La mattina mi lavai la faccia, e guardai nello specchio se si conoscesse ancora ch’io avessi pianto. Presi, quanto meglio potei, l’aria tranquilla e sorridente; dissi a Dio una picciola preghiera, ma per verità molto distratto; ed udendo che già Maroncelli movea le sue grucce e parlava col cameriere, andai ad abbracciarlo. Tutti due sembravamo pieni di coraggio per questa separazione; ci parlavano un po’ commossi, ma con voce forte. L’uffiziale di gendarmeria che dee condurlo a’ confini di Romagna è giunto; bisogna partire; non sappiamo quasi che dirci; un amplesso, un bacio, un amplesso ancora. — Montò in carrozza, disparve; io restai come annichilato.

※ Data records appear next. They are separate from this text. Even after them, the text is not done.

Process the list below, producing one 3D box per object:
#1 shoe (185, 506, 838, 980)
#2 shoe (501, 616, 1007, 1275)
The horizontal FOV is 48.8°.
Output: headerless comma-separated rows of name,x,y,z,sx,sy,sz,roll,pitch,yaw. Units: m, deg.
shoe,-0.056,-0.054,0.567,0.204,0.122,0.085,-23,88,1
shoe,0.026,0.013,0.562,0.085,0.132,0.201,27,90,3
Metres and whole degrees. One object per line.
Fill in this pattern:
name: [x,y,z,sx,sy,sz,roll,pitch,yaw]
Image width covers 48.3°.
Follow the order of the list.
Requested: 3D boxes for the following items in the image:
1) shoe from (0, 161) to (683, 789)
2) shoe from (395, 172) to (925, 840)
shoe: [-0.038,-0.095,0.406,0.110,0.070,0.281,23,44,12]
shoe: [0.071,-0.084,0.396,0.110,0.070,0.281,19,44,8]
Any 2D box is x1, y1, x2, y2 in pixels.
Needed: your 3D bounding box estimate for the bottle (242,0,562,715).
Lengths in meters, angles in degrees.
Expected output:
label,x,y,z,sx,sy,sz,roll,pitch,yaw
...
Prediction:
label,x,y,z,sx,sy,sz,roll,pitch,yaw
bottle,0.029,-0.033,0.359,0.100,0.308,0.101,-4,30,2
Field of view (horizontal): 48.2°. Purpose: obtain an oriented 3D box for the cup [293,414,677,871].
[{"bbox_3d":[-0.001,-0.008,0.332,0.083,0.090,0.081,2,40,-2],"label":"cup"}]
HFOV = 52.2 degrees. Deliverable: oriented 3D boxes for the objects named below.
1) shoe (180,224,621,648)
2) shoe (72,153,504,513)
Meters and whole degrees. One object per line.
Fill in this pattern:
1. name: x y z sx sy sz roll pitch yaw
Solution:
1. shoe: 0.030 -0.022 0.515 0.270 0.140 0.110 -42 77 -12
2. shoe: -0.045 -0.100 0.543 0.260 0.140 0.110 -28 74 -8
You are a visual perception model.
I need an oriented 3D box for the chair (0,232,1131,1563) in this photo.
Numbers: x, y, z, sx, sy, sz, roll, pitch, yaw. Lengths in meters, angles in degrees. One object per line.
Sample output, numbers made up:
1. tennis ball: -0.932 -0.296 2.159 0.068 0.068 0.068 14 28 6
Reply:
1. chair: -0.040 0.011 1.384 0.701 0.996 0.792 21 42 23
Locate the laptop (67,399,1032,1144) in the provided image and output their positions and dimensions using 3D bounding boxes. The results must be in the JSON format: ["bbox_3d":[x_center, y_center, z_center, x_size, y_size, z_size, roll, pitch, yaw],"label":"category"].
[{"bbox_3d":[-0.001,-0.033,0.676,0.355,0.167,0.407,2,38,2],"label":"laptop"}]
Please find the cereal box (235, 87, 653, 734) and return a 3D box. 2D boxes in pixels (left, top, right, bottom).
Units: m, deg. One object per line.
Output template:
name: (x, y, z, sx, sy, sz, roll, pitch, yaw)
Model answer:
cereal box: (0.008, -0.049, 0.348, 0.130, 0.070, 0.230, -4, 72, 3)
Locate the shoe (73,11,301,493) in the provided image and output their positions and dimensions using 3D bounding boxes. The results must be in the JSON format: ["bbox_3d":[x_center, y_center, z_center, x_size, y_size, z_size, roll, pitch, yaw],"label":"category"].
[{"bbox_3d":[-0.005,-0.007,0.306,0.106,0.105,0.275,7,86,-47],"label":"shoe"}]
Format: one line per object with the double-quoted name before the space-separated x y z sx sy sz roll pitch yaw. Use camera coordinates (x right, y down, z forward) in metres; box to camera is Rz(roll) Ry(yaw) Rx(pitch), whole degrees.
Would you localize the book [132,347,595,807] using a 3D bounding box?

Tornai nella mia stanza, mi gettai in ginocchio, e pregai per quel misero mutilato, diviso dal suo amico, e proruppi in lagrime ed in singhiozzi.
Conobbi molti uomini egregi, ma nessuno più affettuosamente socievole di Maroncelli, nessuno più educato a tutti i riguardi della gentilezza, più esente da accessi di selvaticume, più costantemente memore, che la virtù si compone di continui esercizi di tolleranza, di generosità e di senno. Oh mio socio di tanti anni di dolore, il Cielo ti benedica ovunque tu respiri, e ti dia amici che m’agguaglino in amore e mi superino in bontà!